SPEAKER: To what extent do you think writing is valued in your organization?
SPEAKER: lot actually, a lot. A lot of what we do is writing based, whether that’s, you know, a piece of direct mail that we send out or a newsletter that we write or again, a piece of advertising that we do, a radio script. So they put a big kind of value on that from a marketing standpoint.
SPEAKER: Great. And the last set of questions. How would you have defined successful writing as a student versus successful writing now? And would you say that you are a successful workplace writer?
SPEAKER: How would define successful writing as a student – I would say something that would get me a good grade, and something that I feel like I didn’t have the kind of kill myself to understand, if that made sense. Like I feel like writing assignments in college, like a lot of them would come really naturally to me, like we would get a prompt and I was like, “Oh, I know I’m going to write about. I get it. I got it. Here it is. ” And I would usually do alright. And then I would get writing prompts where I’d be like, “I don’t even know where to start on this. ” And sometimes it would go really, really bad, and other times when I felt like I kind of b s ‘d my way through it I would actually do a great job. And I think successful writing now kind of looks like, again, how can I make this as accurate and as accessible as I can while still finding that balance between what I know as a quote unquote marketing professional to be the right way to do this, versus balancing kind of the powers that be politically in my organization and what they want to see.

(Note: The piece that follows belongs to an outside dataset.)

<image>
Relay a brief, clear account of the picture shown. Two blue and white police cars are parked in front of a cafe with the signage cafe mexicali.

So it’s really kind of about all making sure we, you know, play nice in the sandbox together. It’s a lot of, you know, people kind of all want their own, you know, stamp on everything and want to make sure that their specialty is mentioned, they want to make sure that their name is underlined, and that’s not always the right answer. So just kind of picking my battles there. It’s a lot of like, who has a bigger slice of birthday cake, you know what I mean?
SPEAKER: Okay, yeah, yeah
SPEAKER: And what was your other question, sorry?

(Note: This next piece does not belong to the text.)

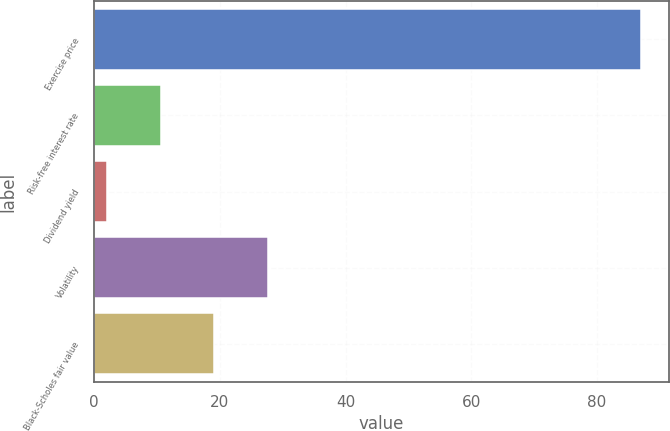<chart> <loc_0><loc_0><loc_500><loc_500><bar_chart><fcel>Exercise price<fcel>Risk-free interest rate<fcel>Dividend yield<fcel>Volatility<fcel>Black-Scholes fair value<nl><fcel>87.12<fcel>10.6<fcel>2.1<fcel>27.6<fcel>19.1<nl></chart>

SPEAKER: Would you say you are a successful workplace writer?
SPEAKER: I would like to think so. I think that f rom where I started and where I am now I’ve definitely improved. I don’t think that I’m perfect by any stretch of the imagination, but I think that – I would like to think anyway – that I’ve found that fine line of not spending a ton of time on a project if it’s not warranted, but still making sure that the content that I put out is quality.